The paper reports **F1 = 0.92** on Llama-3.1-8B using its original anchor set. That set’s *benign* half was not specified in the paper and is no longer available, so **this library does not reproduce 0.92 by inheritance.** Instead it ships a **frozen, reproducible** benign anchor set (`data/benign_anchors_v1.json`) and reports the F1/FPR it actually measures against it. The two numbers are different by construction; the library’s number is the one you can verify. Don’t quote the paper’s 0.92 as this package’s output.

## How `u_ref` is built

1. Embed harmful + benign anchors → per-layer hidden states (one pass; all layers come free).
2. **Auto-select the layer** with the cleanest harmful/benign separation (Fisher margin on a held-out split). Pass `layer=-1` to force the final layer and mirror the paper.
3. `u_ref` = difference of class means at that layer.
4. Calibrate **τ** for best F1 on a calibration split.
5. Report F1/FPR on a disjoint test split.

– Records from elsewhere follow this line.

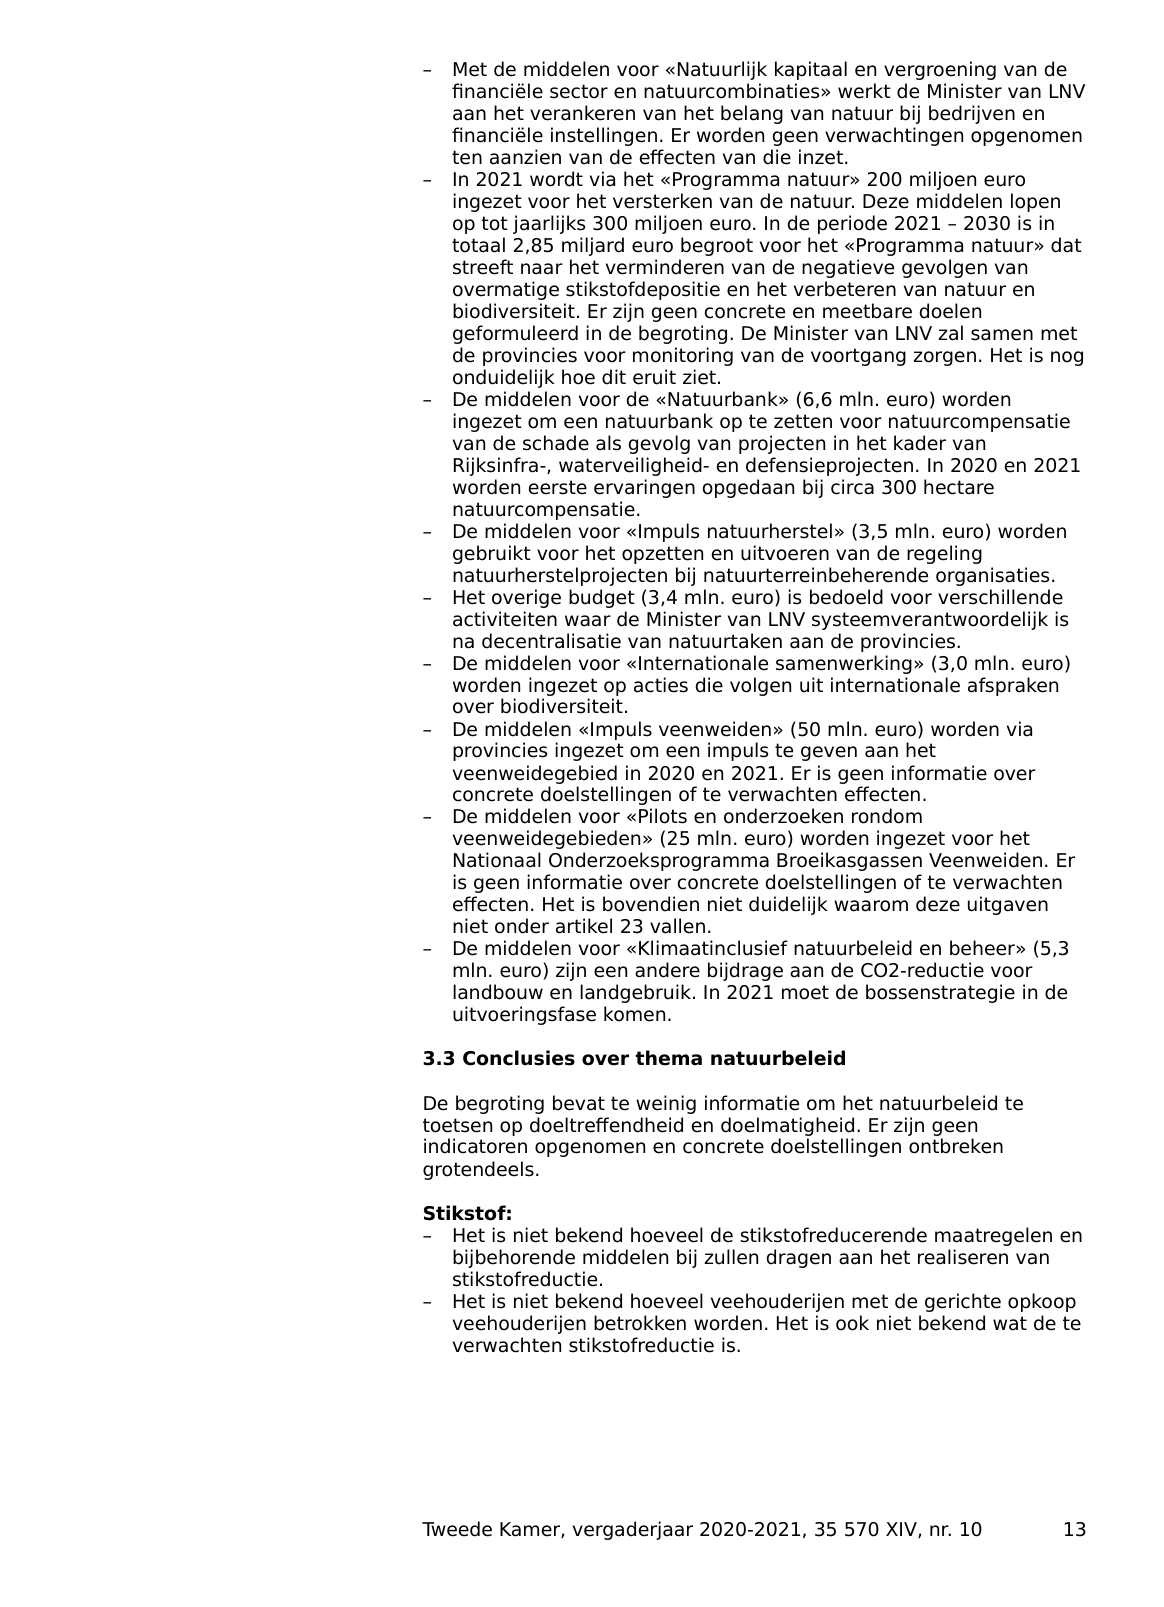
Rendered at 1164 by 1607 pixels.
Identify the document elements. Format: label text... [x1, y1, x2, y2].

text – Het overige budget (3,4 mln. euro) is bedoeld voor verschillende activiteiten waar de Minister van LNV systeemverantwoordelijk is na decentralisatie van natuurtaken aan de provincies. [422, 587, 1087, 652]
subtitle Stikstof: [422, 1203, 1087, 1224]
text – In 2021 wordt via het «Programma natuur» 200 miljoen euro ingezet voor het versterken van de natuur. Deze middelen lopen op tot jaarlijks 300 miljoen euro. In de periode 2021 – 2030 is in totaal 2,85 miljard euro begroot voor het «Programma natuur» dat streeft naar het verminderen van de negatieve gevolgen van overmatige stikstofdepositie en het verbeteren van natuur en biodiversiteit. Er zijn geen concrete en meetbare doelen geformuleerd in de begroting. De Minister van LNV zal samen met de provincies voor monitoring van de voortgang zorgen. Het is nog onduidelijk hoe dit eruit ziet. [422, 169, 1087, 389]
text – Het is niet bekend hoeveel de stikstofreducerende maatregelen en bijbehorende middelen bij zullen dragen aan het realiseren van stikstofreductie. [422, 1224, 1087, 1291]
text – Met de middelen voor «Natuurlijk kapitaal en vergroening van de financiële sector en natuurcombinaties» werkt de Minister van LNV aan het verankeren van het belang van natuur bij bedrijven en financiële instellingen. Er worden geen verwachtingen opgenomen ten aanzien van de effecten van die inzet. [422, 59, 1087, 169]
text – De middelen voor «Klimaatinclusief natuurbeleid en beheer» (5,3 mln. euro) zijn een andere bijdrage aan de CO2-reductie voor landbouw en landgebruik. In 2021 moet de bossenstrategie in de uitvoeringsfase komen. [422, 938, 1087, 1026]
text De begroting bevat te weinig informatie om het natuurbeleid te toetsen op doeltreffendheid en doelmatigheid. Er zijn geen indicatoren opgenomen en concrete doelstellingen ontbreken grotendeels. [422, 1092, 1087, 1180]
text – De middelen voor «Impuls natuurherstel» (3,5 mln. euro) worden gebruikt voor het opzetten en uitvoeren van de regeling natuurherstelprojecten bij natuurterreinbeherende organisaties. [422, 521, 1087, 587]
text – De middelen voor de «Natuurbank» (6,6 mln. euro) worden ingezet om een natuurbank op te zetten voor natuurcompensatie van de schade als gevolg van projecten in het kader van Rijksinfra-, waterveiligheid- en defensieprojecten. In 2020 en 2021 worden eerste ervaringen opgedaan bij circa 300 hectare natuurcompensatie. [422, 389, 1087, 521]
text – Het is niet bekend hoeveel veehouderijen met de gerichte opkoop veehouderijen betrokken worden. Het is ook niet bekend wat de te verwachten stikstofreductie is. [422, 1291, 1087, 1356]
text – De middelen «Impuls veenweiden» (50 mln. euro) worden via provincies ingezet om een impuls te geven aan het veenweidegebied in 2020 en 2021. Er is geen informatie over concrete doelstellingen of te verwachten effecten. [422, 718, 1087, 806]
text – De middelen voor «Internationale samenwerking» (3,0 mln. euro) worden ingezet op acties die volgen uit internationale afspraken over biodiversiteit. [422, 652, 1087, 718]
text – De middelen voor «Pilots en onderzoeken rondom veenweidegebieden» (25 mln. euro) worden ingezet voor het Nationaal Onderzoeksprogramma Broeikasgassen Veenweiden. Er is geen informatie over concrete doelstellingen of te verwachten effecten. Het is bovendien niet duidelijk waarom deze uitgaven niet onder artikel 23 vallen. [422, 806, 1087, 938]
subtitle 3.3 Conclusies over thema natuurbeleid [422, 1048, 1087, 1070]

Everything that affects the vector — model + revision, chosen layer, benign source + N, position, normalization, τ — is written to a **`u_ref` card** so each artifact is a documented, reproducible object.

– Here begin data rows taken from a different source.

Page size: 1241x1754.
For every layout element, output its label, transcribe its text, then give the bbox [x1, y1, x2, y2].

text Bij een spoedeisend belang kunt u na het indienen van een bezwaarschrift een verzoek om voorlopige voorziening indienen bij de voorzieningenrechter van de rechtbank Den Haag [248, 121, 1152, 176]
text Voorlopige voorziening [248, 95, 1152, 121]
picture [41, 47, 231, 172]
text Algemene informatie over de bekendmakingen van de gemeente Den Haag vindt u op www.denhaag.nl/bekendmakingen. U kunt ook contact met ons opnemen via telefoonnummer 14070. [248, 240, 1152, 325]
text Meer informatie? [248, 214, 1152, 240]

## Choosing a default by measurement, not ASR

Attack-success-rate heatmaps say how easy a model is to *jailbreak*; they say nothing about *detection* quality. To pick a default model, compare **detection separability**:

```python
from aplomb.bench import bench_models, format_table
print(format_table(bench_models([HFBackbone("Qwen/Qwen2.5-1.5B-Instruct"), ...], harmful, benign)))
```

## Benchmarking (the publishable F1)

The number in a freshly built card is a small-N held-out estimate, not a headline.
For real F1/FPR, run the detector against JailbreakBench + XSTest:

```bash
python scripts/benchmark.py \
  --jbb-harmful jbb_harmful.csv --jbb-benign jbb_benign.csv --xstest xstest.csv
```

It reports F1/precision/recall/FPR on JailbreakBench at the shipped tau, the XSTest
over-refusal FPR, and an oracle-tau diagnostic — and writes `results_benchmark.json`.
Report the JBB @ shipped-tau F1 as the headline; the oracle number is an optimistic
upper bound, not a deployment figure.

## License & attribution

Library code: MIT. Bundled/derived data and compliance: see [`NOTICE`](NOTICE) — AdvBench (MIT), the frozen benign set, XSTest-inspired hard negatives (CC-BY-4.0 inspiration), Qwen (Apache-2.0), and the **Built with Llama** attribution required on the Llama opt-in path.